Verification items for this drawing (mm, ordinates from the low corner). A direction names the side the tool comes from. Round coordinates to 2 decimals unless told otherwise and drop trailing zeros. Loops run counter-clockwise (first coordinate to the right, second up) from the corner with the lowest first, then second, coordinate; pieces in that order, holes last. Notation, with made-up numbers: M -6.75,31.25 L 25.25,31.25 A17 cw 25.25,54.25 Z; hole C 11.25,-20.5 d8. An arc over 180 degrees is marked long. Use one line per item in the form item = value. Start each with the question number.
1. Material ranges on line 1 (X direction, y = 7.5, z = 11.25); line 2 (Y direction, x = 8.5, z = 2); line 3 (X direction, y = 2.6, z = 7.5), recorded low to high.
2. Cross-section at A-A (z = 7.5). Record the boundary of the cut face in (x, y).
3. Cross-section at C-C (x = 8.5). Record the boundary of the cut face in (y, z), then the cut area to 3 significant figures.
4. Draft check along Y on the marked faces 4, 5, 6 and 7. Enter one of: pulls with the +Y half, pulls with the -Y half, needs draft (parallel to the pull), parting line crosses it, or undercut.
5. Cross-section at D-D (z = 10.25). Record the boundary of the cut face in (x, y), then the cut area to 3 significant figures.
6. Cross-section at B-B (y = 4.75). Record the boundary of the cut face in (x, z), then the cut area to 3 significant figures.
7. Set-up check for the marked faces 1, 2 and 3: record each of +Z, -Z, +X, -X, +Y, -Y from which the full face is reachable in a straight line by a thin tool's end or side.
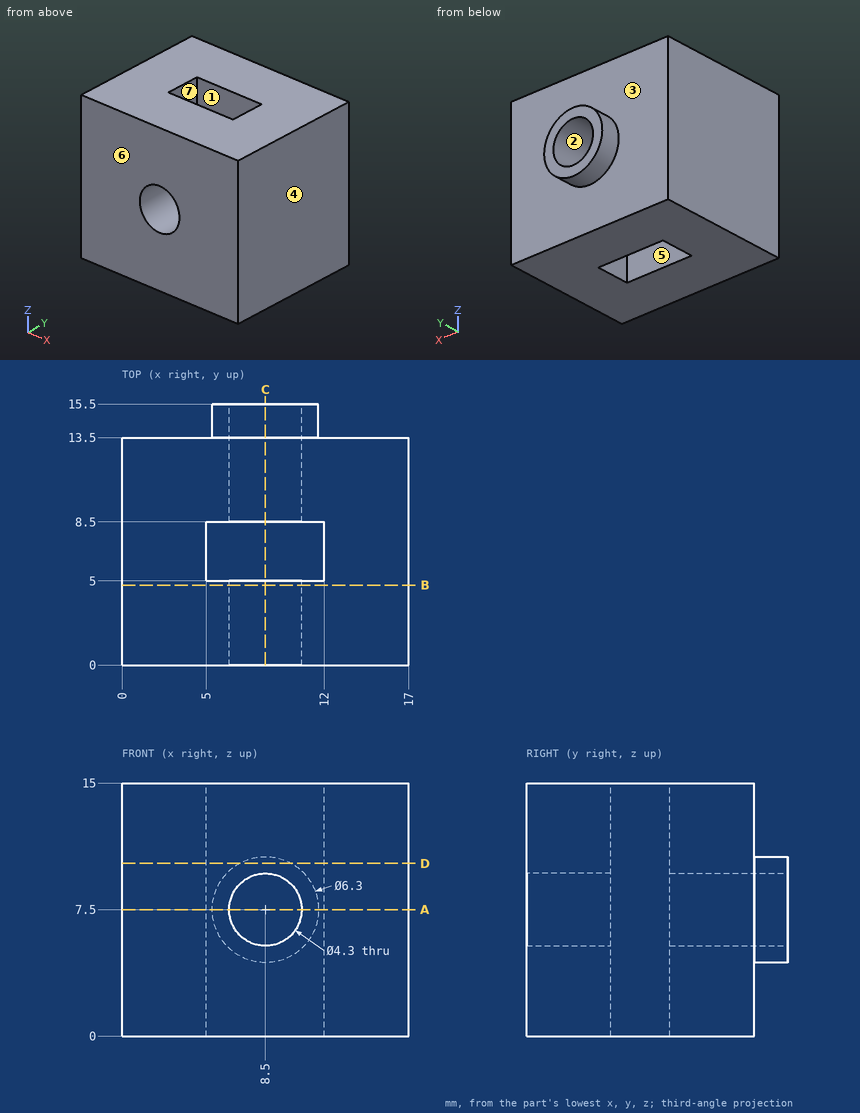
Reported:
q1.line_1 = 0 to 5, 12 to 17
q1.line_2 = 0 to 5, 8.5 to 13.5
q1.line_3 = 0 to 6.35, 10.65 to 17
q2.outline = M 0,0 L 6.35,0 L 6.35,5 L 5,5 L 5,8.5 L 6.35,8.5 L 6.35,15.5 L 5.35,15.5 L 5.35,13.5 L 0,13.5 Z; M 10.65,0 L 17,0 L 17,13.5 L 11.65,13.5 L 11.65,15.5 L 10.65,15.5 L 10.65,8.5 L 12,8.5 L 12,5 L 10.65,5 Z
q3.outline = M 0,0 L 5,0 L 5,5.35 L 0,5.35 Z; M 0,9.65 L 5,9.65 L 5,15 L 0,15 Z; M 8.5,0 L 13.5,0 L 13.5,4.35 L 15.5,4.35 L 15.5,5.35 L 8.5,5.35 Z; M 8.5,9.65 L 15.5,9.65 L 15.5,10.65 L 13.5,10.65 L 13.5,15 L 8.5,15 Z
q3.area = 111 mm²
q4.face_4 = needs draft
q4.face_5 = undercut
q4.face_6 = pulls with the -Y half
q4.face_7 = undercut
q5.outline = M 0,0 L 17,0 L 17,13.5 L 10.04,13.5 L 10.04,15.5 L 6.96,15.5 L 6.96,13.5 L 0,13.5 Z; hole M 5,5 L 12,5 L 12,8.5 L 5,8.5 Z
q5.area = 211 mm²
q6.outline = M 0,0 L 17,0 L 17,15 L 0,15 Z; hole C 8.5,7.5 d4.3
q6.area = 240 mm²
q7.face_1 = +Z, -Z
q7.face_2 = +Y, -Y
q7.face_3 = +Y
:::::
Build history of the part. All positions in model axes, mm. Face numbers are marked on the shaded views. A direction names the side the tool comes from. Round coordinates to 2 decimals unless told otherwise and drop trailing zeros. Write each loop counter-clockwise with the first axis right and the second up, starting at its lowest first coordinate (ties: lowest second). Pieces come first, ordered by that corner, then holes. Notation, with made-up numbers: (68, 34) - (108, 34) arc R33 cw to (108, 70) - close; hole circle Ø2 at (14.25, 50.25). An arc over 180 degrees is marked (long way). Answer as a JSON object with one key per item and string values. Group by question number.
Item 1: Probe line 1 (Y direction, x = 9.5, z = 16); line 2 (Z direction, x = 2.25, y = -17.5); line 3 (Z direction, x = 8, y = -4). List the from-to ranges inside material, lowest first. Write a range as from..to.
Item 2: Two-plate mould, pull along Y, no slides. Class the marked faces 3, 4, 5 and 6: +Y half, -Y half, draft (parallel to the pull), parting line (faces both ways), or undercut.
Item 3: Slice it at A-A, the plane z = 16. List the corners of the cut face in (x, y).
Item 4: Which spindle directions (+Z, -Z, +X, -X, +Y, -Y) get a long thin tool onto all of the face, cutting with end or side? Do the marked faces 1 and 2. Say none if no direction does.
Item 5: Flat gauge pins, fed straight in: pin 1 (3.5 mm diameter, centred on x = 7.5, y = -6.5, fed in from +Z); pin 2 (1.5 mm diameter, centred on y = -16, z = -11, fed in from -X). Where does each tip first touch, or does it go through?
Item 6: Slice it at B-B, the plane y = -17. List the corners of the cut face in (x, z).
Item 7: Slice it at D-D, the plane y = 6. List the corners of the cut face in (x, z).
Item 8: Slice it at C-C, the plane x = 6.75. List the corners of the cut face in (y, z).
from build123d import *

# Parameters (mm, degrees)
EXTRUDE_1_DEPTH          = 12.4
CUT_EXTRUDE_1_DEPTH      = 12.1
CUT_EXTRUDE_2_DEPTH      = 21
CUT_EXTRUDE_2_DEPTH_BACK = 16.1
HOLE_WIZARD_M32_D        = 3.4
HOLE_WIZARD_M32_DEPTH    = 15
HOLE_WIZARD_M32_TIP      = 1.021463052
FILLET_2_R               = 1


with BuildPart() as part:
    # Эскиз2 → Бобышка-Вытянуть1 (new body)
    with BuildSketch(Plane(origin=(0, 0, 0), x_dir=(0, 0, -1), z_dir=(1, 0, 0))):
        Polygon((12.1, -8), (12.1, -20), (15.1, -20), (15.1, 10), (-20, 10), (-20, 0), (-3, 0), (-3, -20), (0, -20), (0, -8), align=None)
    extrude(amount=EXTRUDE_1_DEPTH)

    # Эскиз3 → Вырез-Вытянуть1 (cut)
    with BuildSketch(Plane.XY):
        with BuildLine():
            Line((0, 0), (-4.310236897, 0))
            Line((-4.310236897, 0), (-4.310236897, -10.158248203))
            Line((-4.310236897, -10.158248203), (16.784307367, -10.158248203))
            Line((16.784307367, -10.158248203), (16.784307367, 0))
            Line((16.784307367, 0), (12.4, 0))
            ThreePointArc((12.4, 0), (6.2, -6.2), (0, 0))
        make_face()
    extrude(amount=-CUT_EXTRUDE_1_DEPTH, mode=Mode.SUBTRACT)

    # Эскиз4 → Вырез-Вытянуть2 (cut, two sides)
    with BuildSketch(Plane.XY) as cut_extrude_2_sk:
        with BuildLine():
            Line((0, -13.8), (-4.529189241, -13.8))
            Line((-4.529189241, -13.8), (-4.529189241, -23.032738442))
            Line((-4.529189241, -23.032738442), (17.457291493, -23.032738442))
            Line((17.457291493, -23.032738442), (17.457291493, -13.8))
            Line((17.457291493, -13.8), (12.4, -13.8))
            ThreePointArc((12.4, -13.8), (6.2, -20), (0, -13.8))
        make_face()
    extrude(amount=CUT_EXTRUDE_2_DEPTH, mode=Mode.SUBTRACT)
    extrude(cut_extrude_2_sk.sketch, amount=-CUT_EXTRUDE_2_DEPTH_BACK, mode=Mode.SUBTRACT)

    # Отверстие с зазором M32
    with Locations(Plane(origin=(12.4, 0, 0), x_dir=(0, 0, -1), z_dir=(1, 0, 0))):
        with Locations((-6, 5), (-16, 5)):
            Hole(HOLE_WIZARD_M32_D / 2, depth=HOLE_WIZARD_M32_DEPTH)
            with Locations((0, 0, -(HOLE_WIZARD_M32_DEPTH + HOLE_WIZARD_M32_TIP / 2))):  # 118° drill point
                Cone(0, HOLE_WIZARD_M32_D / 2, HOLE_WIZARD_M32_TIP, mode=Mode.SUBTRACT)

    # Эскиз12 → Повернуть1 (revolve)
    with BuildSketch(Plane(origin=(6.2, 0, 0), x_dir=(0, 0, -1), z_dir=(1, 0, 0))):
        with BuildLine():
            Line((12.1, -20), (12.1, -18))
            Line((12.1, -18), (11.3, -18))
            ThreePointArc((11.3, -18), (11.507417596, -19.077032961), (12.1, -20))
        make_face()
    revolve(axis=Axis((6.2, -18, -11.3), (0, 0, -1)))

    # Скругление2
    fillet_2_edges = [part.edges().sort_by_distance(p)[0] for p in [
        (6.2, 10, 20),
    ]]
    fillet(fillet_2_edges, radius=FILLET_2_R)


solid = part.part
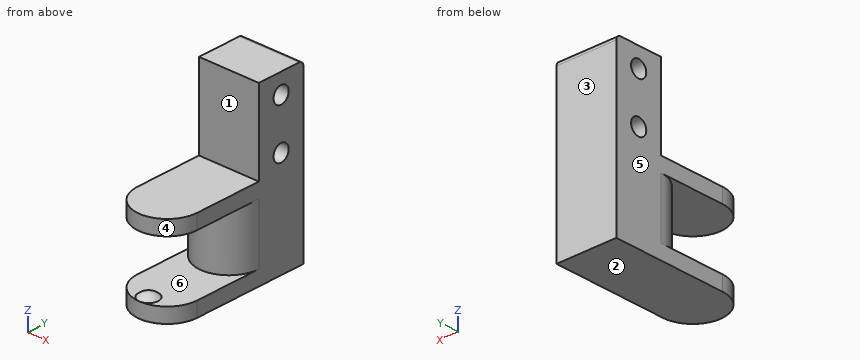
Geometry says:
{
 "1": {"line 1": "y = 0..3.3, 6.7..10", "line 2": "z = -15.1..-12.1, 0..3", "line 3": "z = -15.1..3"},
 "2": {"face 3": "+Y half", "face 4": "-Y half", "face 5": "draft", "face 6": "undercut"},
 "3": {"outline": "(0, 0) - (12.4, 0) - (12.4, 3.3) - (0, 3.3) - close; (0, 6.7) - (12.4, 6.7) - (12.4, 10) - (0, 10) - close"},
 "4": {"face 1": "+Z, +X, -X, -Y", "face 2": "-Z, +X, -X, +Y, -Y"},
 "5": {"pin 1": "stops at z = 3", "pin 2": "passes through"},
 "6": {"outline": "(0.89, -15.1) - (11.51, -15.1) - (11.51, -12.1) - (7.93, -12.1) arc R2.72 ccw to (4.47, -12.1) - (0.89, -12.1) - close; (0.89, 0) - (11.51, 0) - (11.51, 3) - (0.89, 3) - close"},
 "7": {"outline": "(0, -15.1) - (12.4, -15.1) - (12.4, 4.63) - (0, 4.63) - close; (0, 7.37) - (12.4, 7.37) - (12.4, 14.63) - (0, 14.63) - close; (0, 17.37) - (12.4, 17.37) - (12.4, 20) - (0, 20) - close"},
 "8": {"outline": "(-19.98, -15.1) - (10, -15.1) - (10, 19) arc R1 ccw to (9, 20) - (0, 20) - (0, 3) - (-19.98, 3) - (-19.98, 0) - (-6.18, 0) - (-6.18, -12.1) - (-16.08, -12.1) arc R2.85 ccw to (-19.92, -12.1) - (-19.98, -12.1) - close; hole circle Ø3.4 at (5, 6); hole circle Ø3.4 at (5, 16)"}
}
:::::
Retype word for word everything in the listing above from the line that holds "Verification items for" down to the line that holds "4. Draft check". Keep both end lines and leave out the rest.

> REPLY TO THE TASK:
Verification items for this drawing (mm, ordinates from the low corner). A direction names the side the tool comes from. Round coordinates to 2 decimals unless told otherwise and drop trailing zeros. Loops run counter-clockwise (first coordinate to the right, second up) from the corner with the lowest first, then second, coordinate; pieces in that order, holes last. Notation, with made-up numbers: M -6.75,31.25 L 25.25,31.25 A17 cw 25.25,54.25 Z; hole C 11.25,-20.5 d8. An arc over 180 degrees is marked long. Use one line per item in the form item = value. Start each with the question number.
1. Material ranges on line 1 (X direction, y = 7.5, z = 11.25); line 2 (Y direction, x = 8.5, z = 2); line 3 (X direction, y = 2.6, z = 7.5), recorded low to high.
2. Cross-section at A-A (z = 7.5). Record the boundary of the cut face in (x, y).
3. Cross-section at C-C (x = 8.5). Record the boundary of the cut face in (y, z), then the cut area to 3 significant figures.
4. Draft check along Y on the marked faces 4, 5, 6 and 7. Enter one of: pulls with the +Y half, pulls with the -Y half, needs draft (parallel to the pull), parting line crosses it, or undercut.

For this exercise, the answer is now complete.